#### What is expected:
Transcribe all the entries word for word, omitting any pictures they contain.

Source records
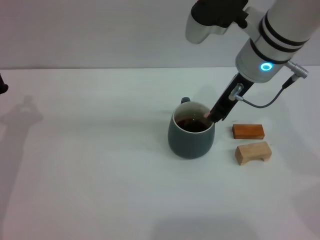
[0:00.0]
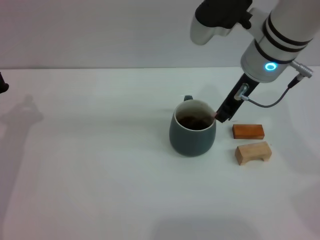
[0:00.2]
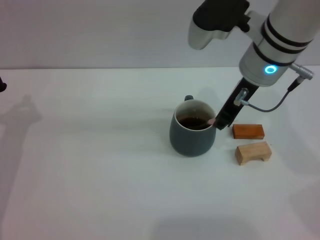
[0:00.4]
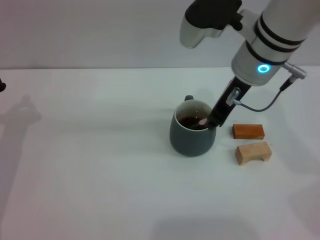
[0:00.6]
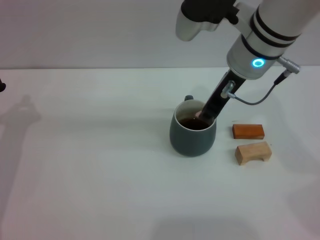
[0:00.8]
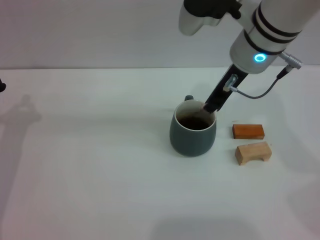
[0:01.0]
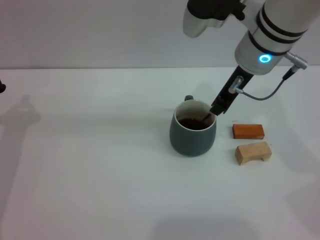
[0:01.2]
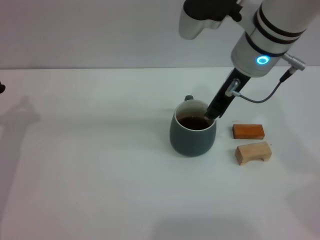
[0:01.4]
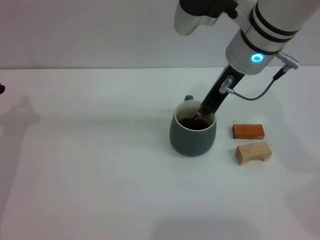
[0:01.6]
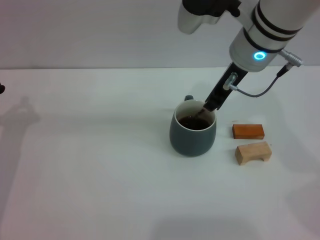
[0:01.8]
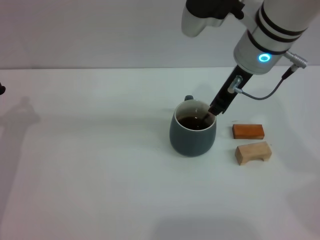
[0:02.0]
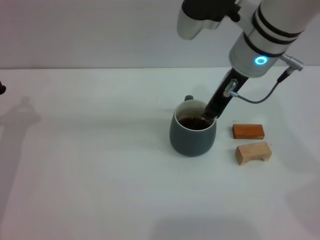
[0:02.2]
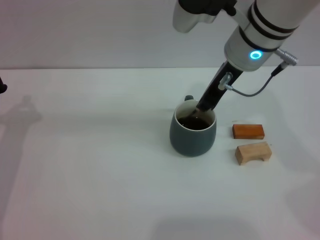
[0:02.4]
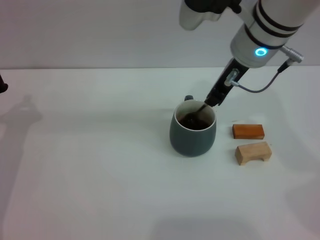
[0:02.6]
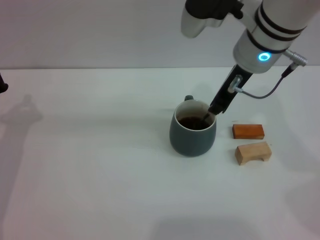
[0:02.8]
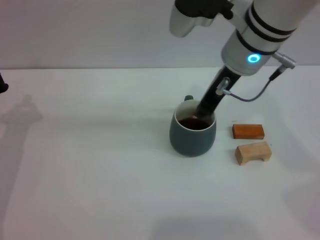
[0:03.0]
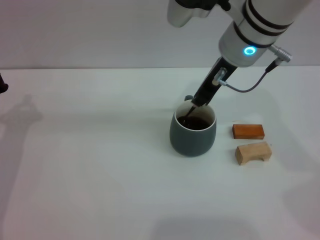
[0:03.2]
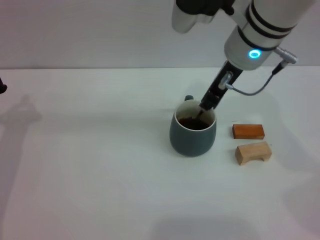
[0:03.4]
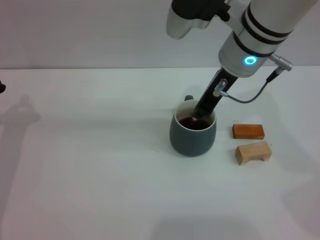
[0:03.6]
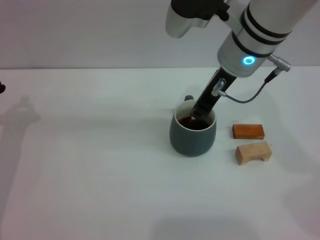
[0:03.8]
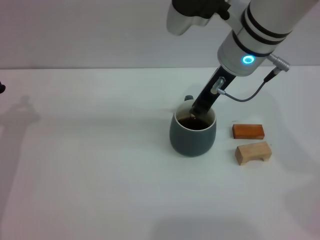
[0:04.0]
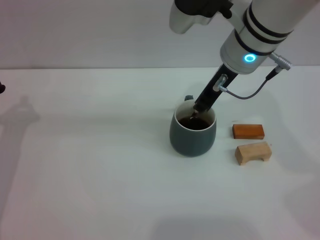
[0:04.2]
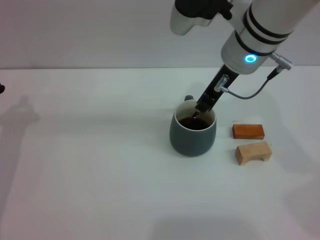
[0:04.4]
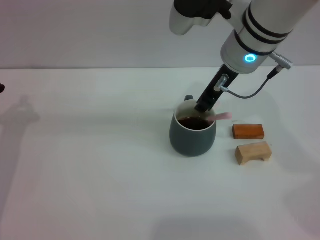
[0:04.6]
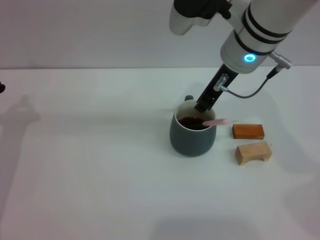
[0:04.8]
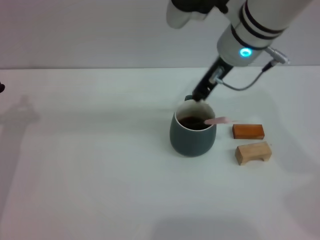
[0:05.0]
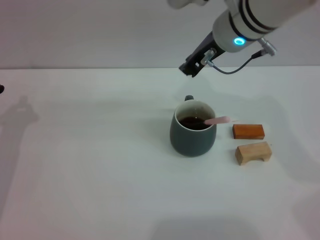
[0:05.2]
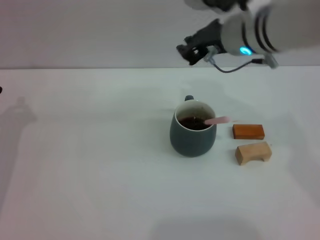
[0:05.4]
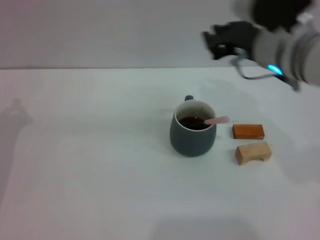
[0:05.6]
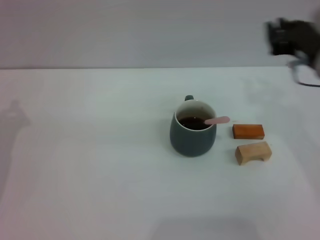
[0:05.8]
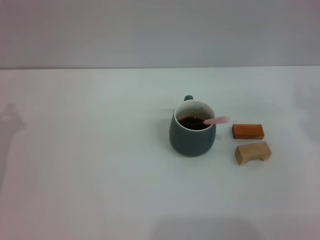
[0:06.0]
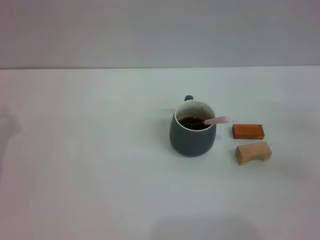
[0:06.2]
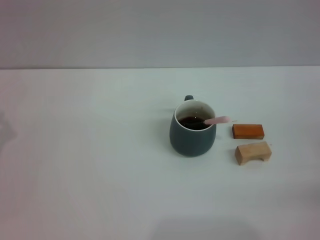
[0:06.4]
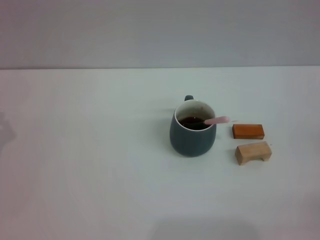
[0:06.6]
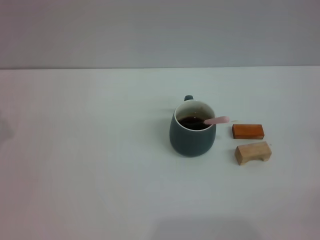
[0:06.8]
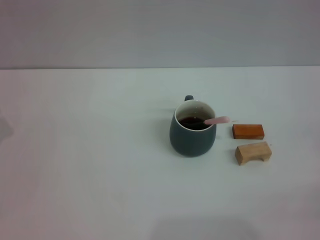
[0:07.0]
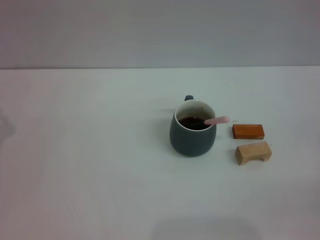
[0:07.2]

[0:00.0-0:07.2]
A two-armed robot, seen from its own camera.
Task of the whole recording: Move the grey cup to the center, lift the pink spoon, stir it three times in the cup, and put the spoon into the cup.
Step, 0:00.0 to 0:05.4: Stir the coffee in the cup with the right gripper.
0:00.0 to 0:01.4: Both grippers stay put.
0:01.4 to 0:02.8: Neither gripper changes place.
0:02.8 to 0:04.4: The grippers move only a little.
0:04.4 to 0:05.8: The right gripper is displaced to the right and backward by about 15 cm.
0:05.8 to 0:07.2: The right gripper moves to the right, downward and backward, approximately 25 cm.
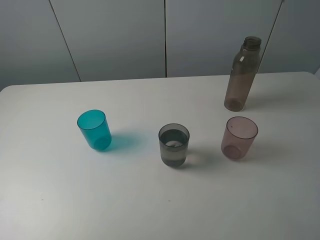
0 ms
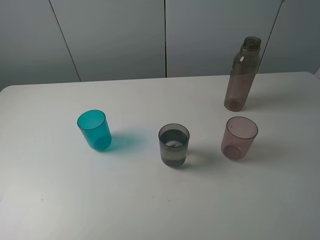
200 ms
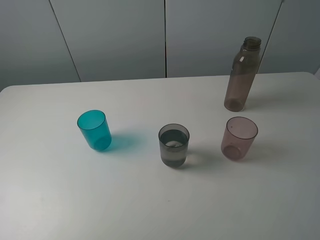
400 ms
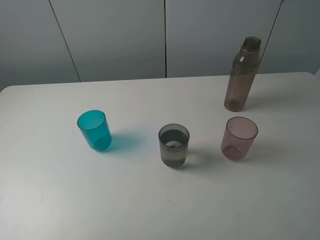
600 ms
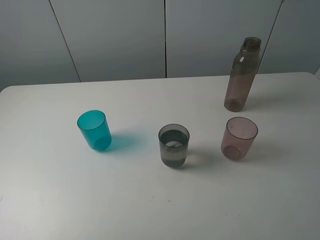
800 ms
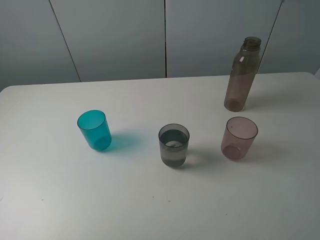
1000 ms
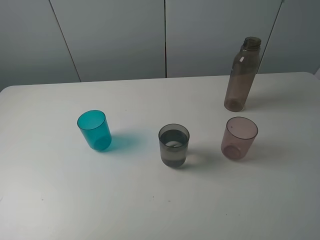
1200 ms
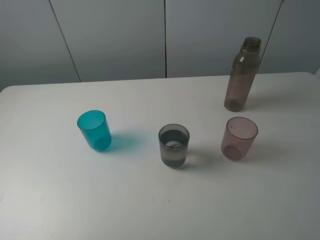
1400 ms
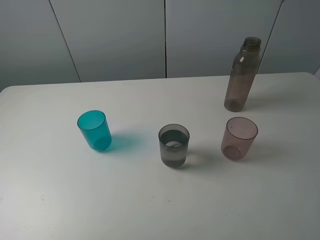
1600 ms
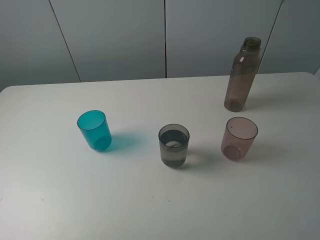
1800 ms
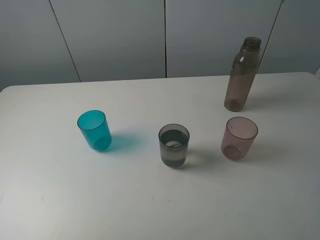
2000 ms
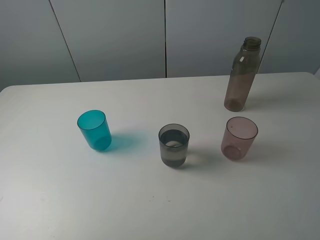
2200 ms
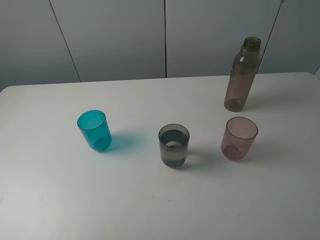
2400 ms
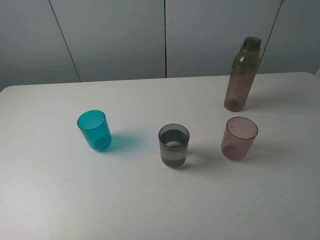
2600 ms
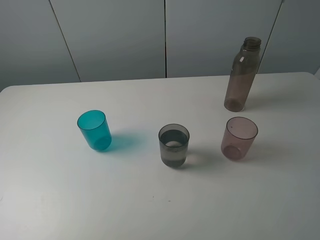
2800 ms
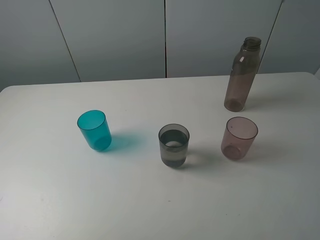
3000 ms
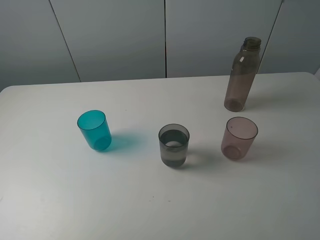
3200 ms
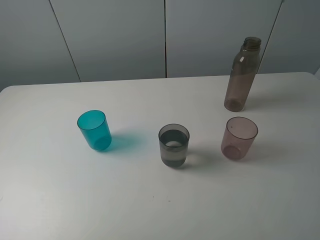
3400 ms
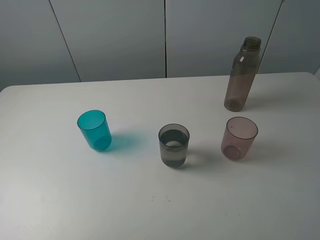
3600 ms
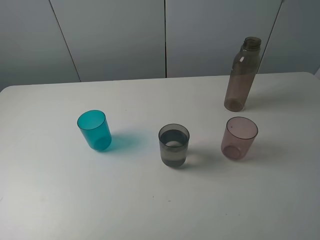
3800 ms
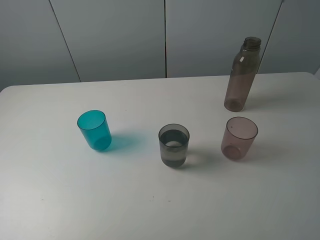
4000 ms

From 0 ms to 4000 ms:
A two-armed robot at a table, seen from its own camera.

#### Response area:
[0:00.0]
[0:00.2]
[0:00.4]
[0:00.6]
[0:00.8]
[0:01.0]
[0:01.2]
[0:01.4]
[0:01.6]
[0:01.8]
[0:02.0]
[0:02.2]
[0:02.4]
[0:02.6]
[0:02.8]
[0:03.0]
[0:03.2]
[0:03.4]
[0:03.6]
[0:03.8]
[0:04.0]
[0:04.2]
[0:04.4]
[0:04.6]
[0:04.8]
[0:05.0]
[0:05.2]
[0:05.4]
[0:05.6]
[0:05.8]
[0:06.0]
[0:06.2]
[0:06.4]
[0:06.6]
[0:06.8]
[0:07.0]
[0:07.2]

[0:00.0-0:07.2]
A two-armed robot, seen from its own camera.
Task of the whole recording: Move the grey cup to the center, lift the pink spoon, stir it three times in the cup, and put the spoon into the cup.
Step, 0:00.0 to 0:05.4: Stir the coffee in the cup with the right gripper.
0:00.0 to 0:01.4: Both grippers stay put.
0:01.4 to 0:02.8: Neither gripper changes place.
0:02.8 to 0:04.4: The grippers move only a little.
0:04.4 to 0:05.8: The right gripper is displaced to the right and backward by about 15 cm.
0:05.8 to 0:07.2: The right gripper moves to the right, downward and backward, approximately 25 cm.
0 ms
200 ms
400 ms
600 ms
800 ms
1000 ms
1200 ms
1400 ms
1600 ms
1800 ms
2000 ms
2200 ms
2400 ms
2600 ms
2800 ms
3000 ms
3200 ms
3400 ms
3600 ms
3800 ms
4000 ms

From 0 ms to 4000 ms:
A two-armed robot at a table, seen from its own camera.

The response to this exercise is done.